As on the previous album, the Byrds let their LP end in a humorous way. The editing of Oh! Susanna , the minstrel song by Stephen Foster from 1848, should surprise the fans again. In order to make it clear to the "hipsters" that the Byrds would not take over such "Square" material 1 to 1, they played it with an up-tempo rhythm, McGuinn replaced the banjo with his electric Rickenbacker and Michael Clarke had another military drum Inlay. A few years later, Chris Hillman's influence on the band grew and his fellow musicians learned from him to deal more enlightened with original material from folk and country.

The Day Walk (Never Before) / Stranger In A Strange Land

In 1987 another composition by Gene Clark from that period appeared. The song Never Before gave the album on which it appeared its name. When he could be heard again on The Byrds Boxed Set in 1990 , researchers had meanwhile discovered the original master tape with the actual song title: The Day Walk . This song from the early Byrds albums, typical of Clark, has a dominant walking bass run as a highlight.
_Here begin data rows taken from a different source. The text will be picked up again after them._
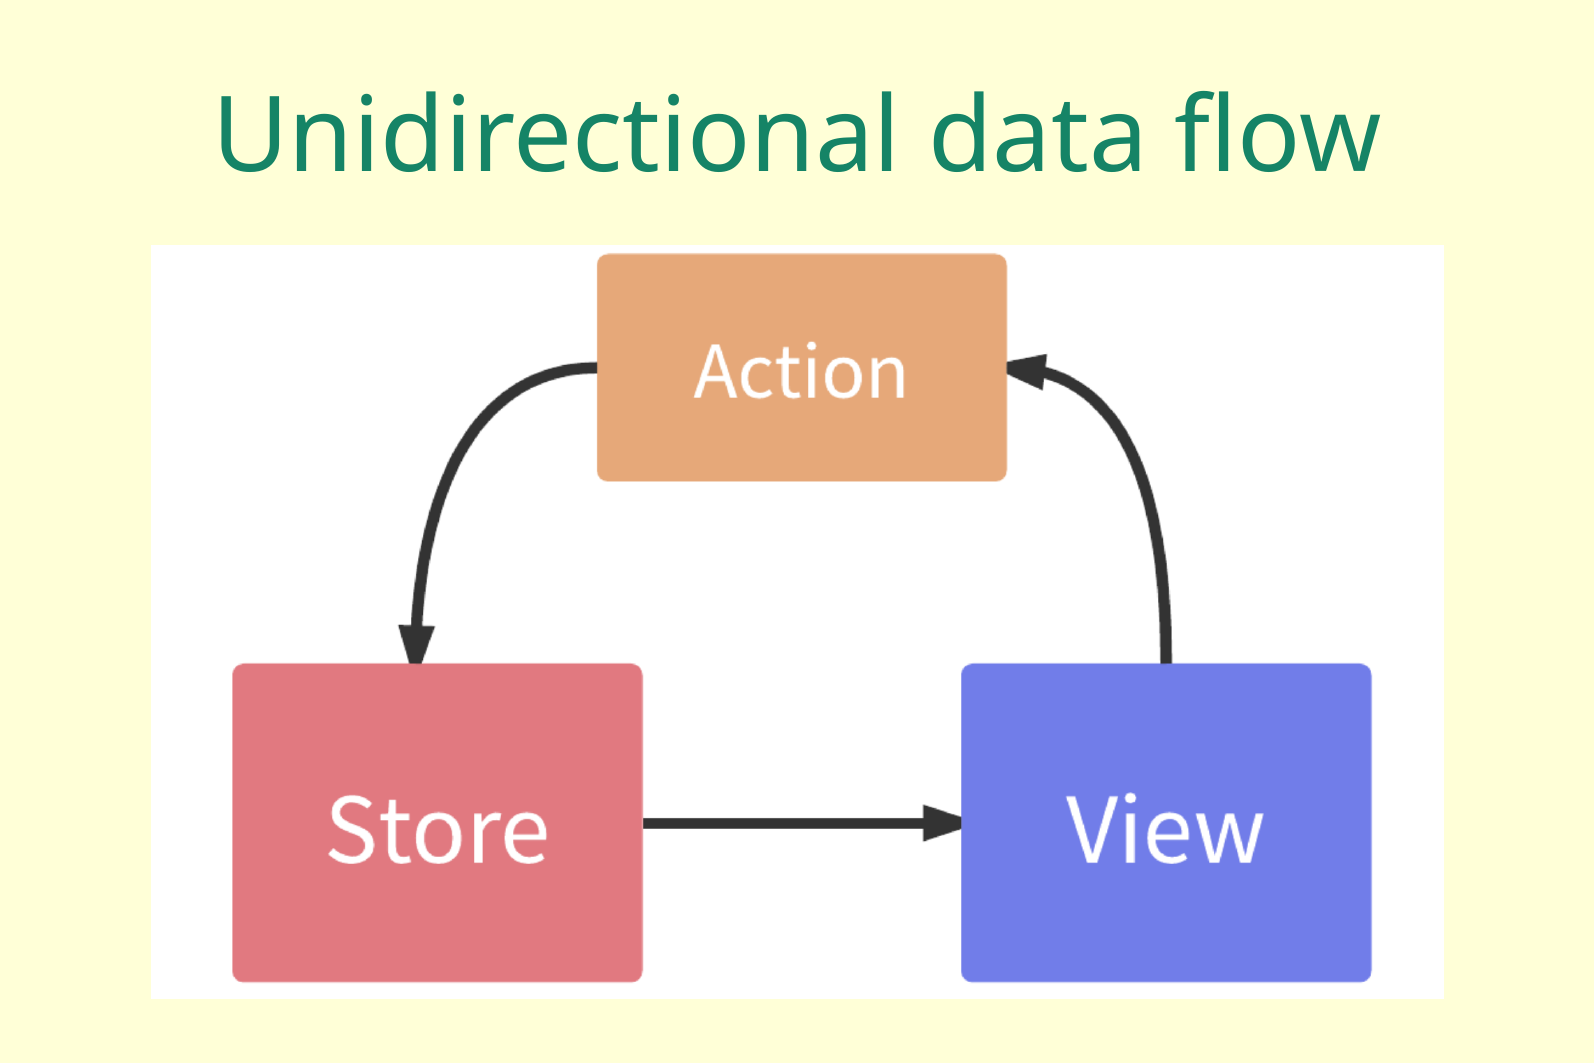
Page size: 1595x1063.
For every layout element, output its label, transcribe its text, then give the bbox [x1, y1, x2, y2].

title Unidirectional data flow [79, 42, 1515, 220]
picture [151, 245, 1444, 999]
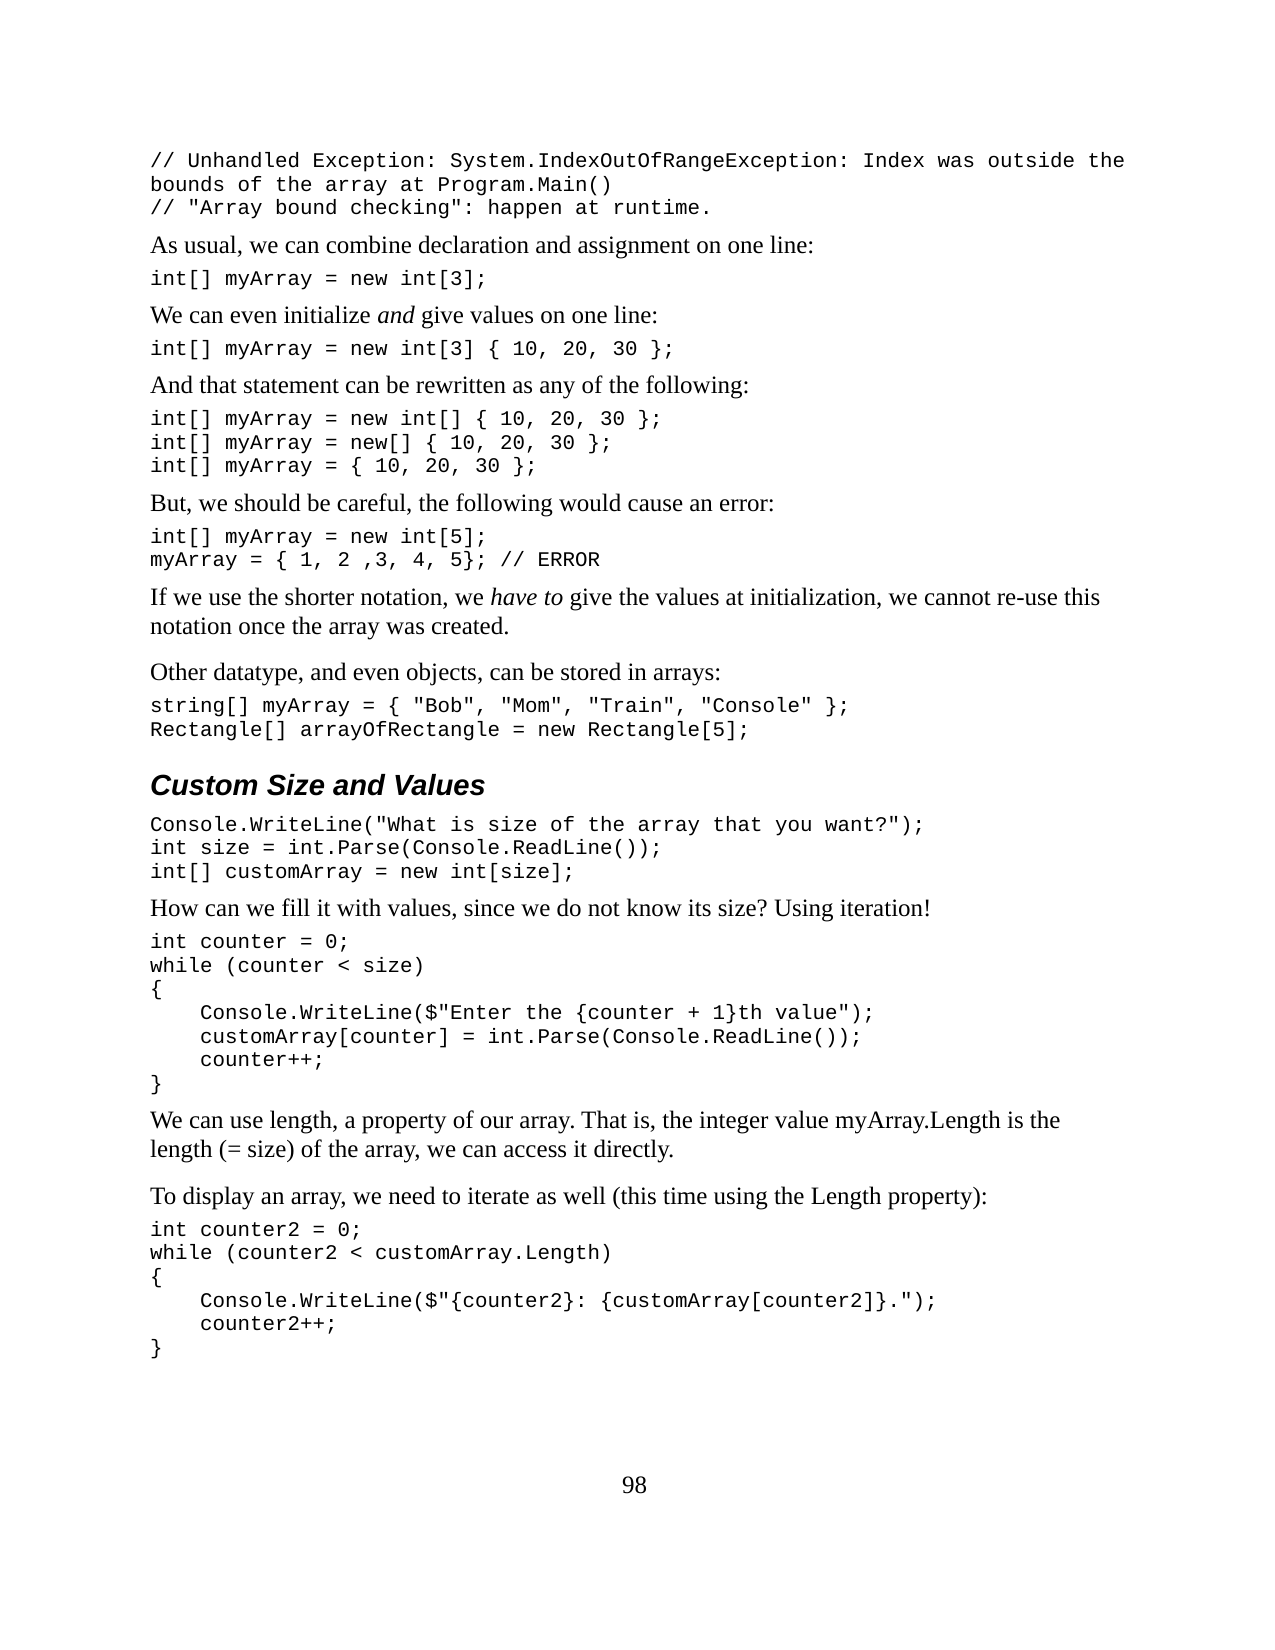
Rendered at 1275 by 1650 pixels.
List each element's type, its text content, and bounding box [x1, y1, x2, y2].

text How can we fill it with values, since we do not know its size? Using iteration! [150, 893, 1125, 922]
text We can use length, a property of our array. That is, the integer value myArray.Length is the length (= size) of the array, we can access it directly. [150, 1106, 1125, 1163]
text int[] myArray = new int[3]; [150, 268, 1125, 291]
text Rectangle[] arrayOfRectangle = new Rectangle[5]; [150, 719, 1125, 742]
text while (counter < size) [150, 955, 1125, 978]
text int counter = 0; [150, 931, 1125, 955]
text } [150, 1073, 1125, 1097]
text int size = int.Parse(Console.ReadLine()); [150, 837, 1125, 861]
text To display an array, we need to iterate as well (this time using the Length property): [150, 1181, 1125, 1210]
text Console.WriteLine("What is size of the array that you want?"); [150, 813, 1125, 837]
text while (counter2 < customArray.Length) [150, 1242, 1125, 1266]
text Console.WriteLine($"Enter the {counter + 1}th value"); [150, 1002, 1125, 1026]
text int[] myArray = new int[] { 10, 20, 30 }; [150, 408, 1125, 432]
text As usual, we can combine declaration and assignment on one line: [150, 230, 1125, 259]
text Console.WriteLine($"{counter2}: {customArray[counter2]}."); [150, 1290, 1125, 1313]
text int counter2 = 0; [150, 1219, 1125, 1242]
text } [150, 1337, 1125, 1361]
text string[] myArray = { "Bob", "Mom", "Train", "Console" }; [150, 695, 1125, 719]
subtitle Custom Size and Values [150, 767, 1125, 801]
text myArray = { 1, 2 ,3, 4, 5}; // ERROR [150, 549, 1125, 573]
text // "Array bound checking": happen at runtime. [150, 197, 1125, 221]
text int[] myArray = { 10, 20, 30 }; [150, 456, 1125, 479]
text We can even initialize and give values on one line: [150, 300, 1125, 329]
text int[] myArray = new[] { 10, 20, 30 }; [150, 432, 1125, 456]
text customArray[counter] = int.Parse(Console.ReadLine()); [150, 1026, 1125, 1049]
text { [150, 1266, 1125, 1290]
text // Unhandled Exception: System.IndexOutOfRangeException: Index was outside the bounds of the array at Program.Main() [150, 150, 1125, 197]
text int[] customArray = new int[size]; [150, 861, 1125, 884]
text int[] myArray = new int[3] { 10, 20, 30 }; [150, 338, 1125, 362]
text counter2++; [150, 1313, 1125, 1337]
text counter++; [150, 1049, 1125, 1073]
text And that statement can be rewritten as any of the following: [150, 371, 1125, 399]
text Other datatype, and even objects, can be stored in arrays: [150, 657, 1125, 686]
text int[] myArray = new int[5]; [150, 526, 1125, 549]
text If we use the shorter notation, we have to give the values at initialization, we cannot re-use this notation once the array was created. [150, 582, 1125, 639]
text { [150, 978, 1125, 1002]
text But, we should be careful, the following would cause an error: [150, 488, 1125, 517]
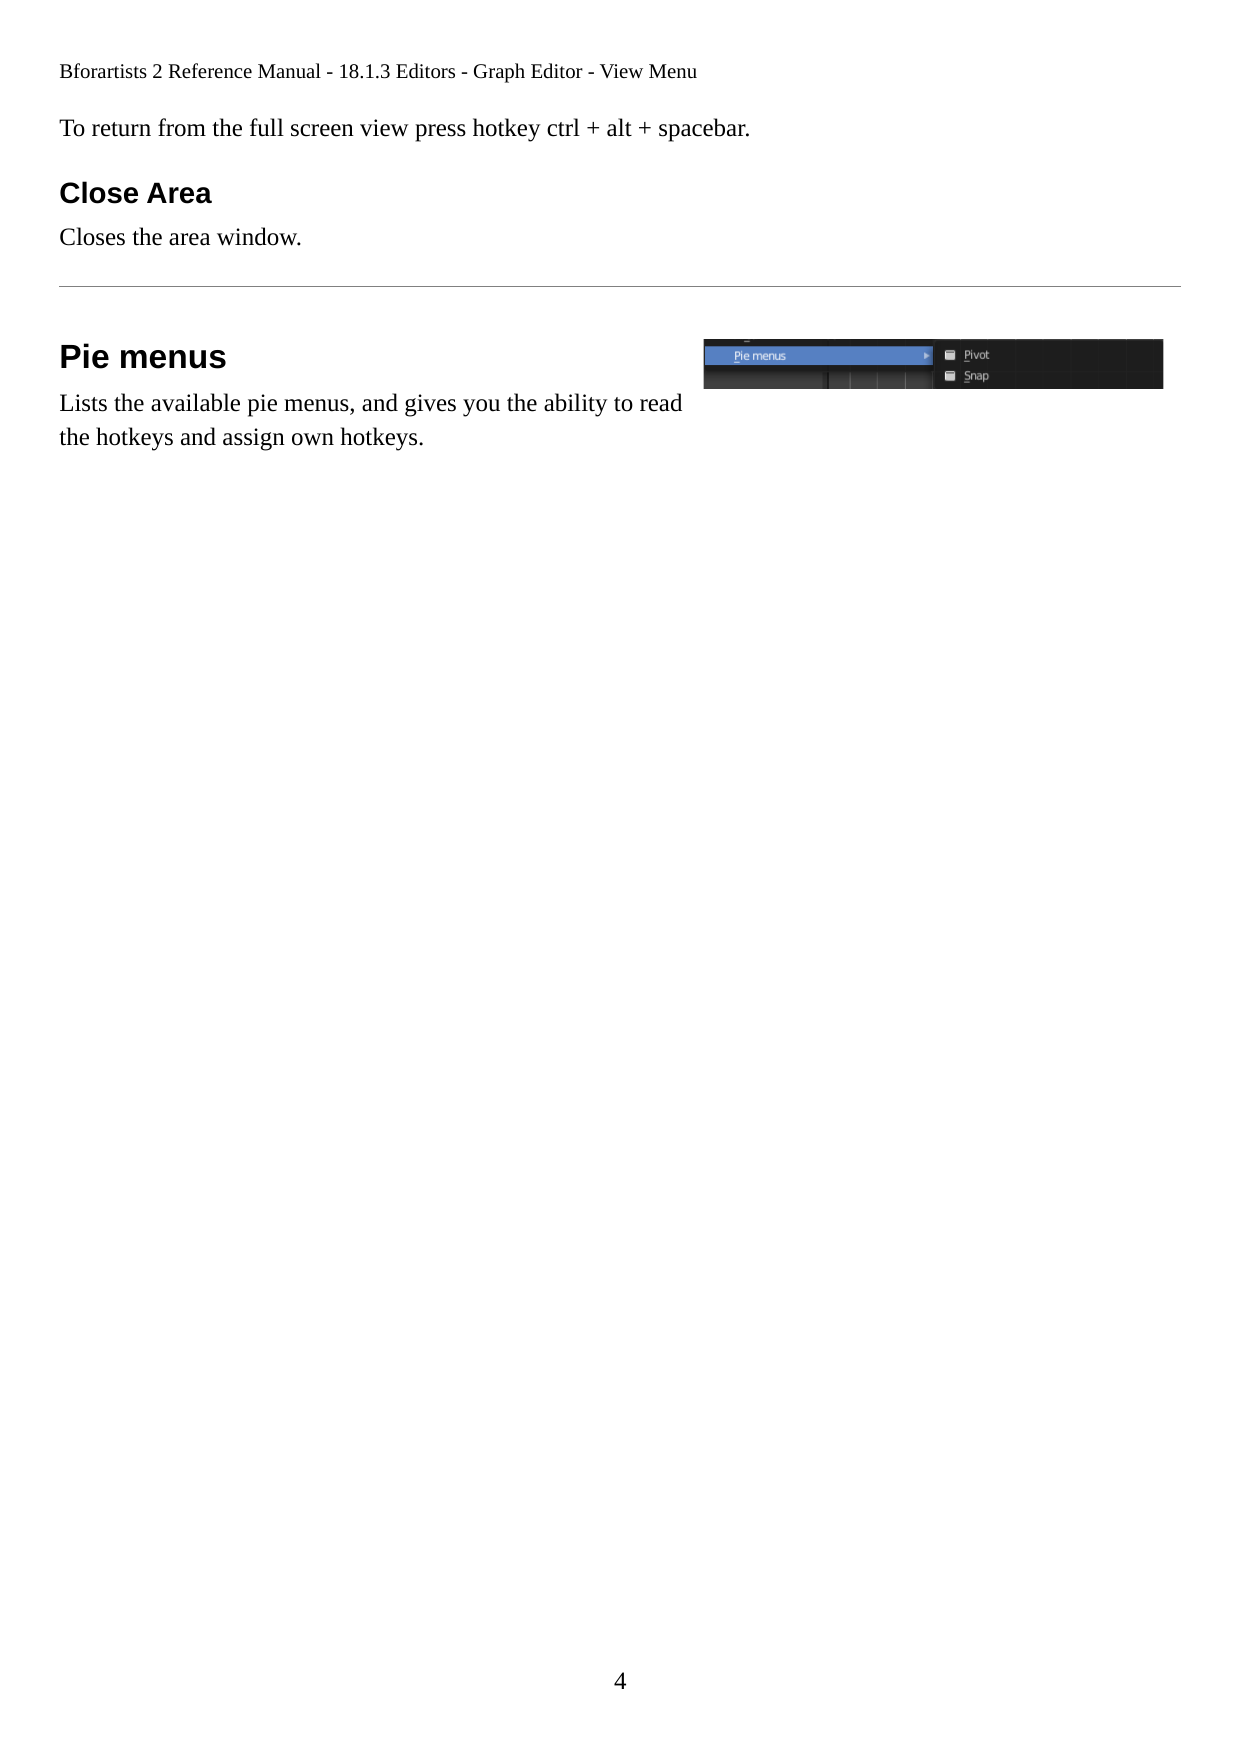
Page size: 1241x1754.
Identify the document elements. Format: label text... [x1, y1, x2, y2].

text Lists the available pie menus, and gives you the ability to read the hotkeys and assign own hotkeys. [59, 388, 1181, 451]
subtitle Pie menus [59, 337, 1181, 375]
text To return from the full screen view press hotkey ctrl + alt + spacebar. [59, 113, 1181, 141]
subtitle Close Area [59, 176, 1181, 210]
picture [703, 339, 1164, 389]
text Closes the area window. [59, 222, 1181, 251]

Crosby also rediscovered a forgotten recording from this period and released it as an outtake on the 1996 CD: an instrumental backing track to Stranger In A Strange Land . Judging by the title, Crosby is referring to the science fiction novel of the same name by Robert Heinlein . This book describes a bohemian elite who believe in a higher truth and practice free love. Crosby referred to this same lifestyle in his 1967 song Triad .

Summary

With their first two albums, Mr. Tambourine Man and Turn! Turn! Turn! the Byrds set the standard for the new musical genre of folk rock. In terms of quality and their influence on popular music as a whole, they are on an equal footing with the LPs Revolver ( Beatles ), Aftermath (Rolling Stones), Face to Face ( Kinks ) and Pet Sounds ( Beach Boys ).

Track list

A side

  1. Turn! Turn! Turn! (To Everything There Is a Season) (Pete Seeger / text based on the book of Kohelet ) - 3:49
  2. It Won't Be Wrong (Roger McGuinn / Harvey Gerst ) - 1:58
  3. Set You Free This Time (Gene Clark) - 2:49
  4. Lay Down Your Weary Tune ( Bob Dylan ) - 3:30
  5. He Was a Friend of Mine ( Traditional / Arrangement: Roger McGuinn) - 2:30

B side

  1. The World Turns All Around Her (Gene Clark) - 2:13
  2. Satisfied Mind ( Red Hayes / Jack Rhodes ) - 2:26
  3. If You're Gone (Gene Clark) - 2:45
  4. The Times They Are A-Changin ' (Bob Dylan) - 2:18
  5. Wait and See (Roger McGuinn / David Crosby) - 2:19
  6. Oh! Susannah ( Stephen Foster ) - 3:03

Republication

On April 30, 1996 , Columbia released the album on CD with the following bonus tracks:

  1. The Day Walk (Never Before) (Gene Clark) - 3:00
  2. She Don't Care About Time (Gene Clark) - 2:29 (Original Single B-side)
  3. The Times They Are A-Changin ' (Bob Dylan) - 1:54 (alternate version)
  4. It's All Over Now, Baby Blue (Bob Dylan) - 3:03
  5. She Don't Care About Time (Gene Clark) - 2:35 (alternative version)
  6. The World Turns All Around Her (Gene Clark) - 2:12 (alternative version)
  7. Stranger in a Strange Land (David Crosby) - 3:04 (instrumental)

Web links

Individual evidence

  1. ^ Wieland Harms: The Unplugged Guitar Book. 20 of the most beautiful songs for acoustic guitar. Gerig Music, ISBN 3-87252-249-3 , pp. 17-19 ( Turn! Turn! Turn! The Byrds ).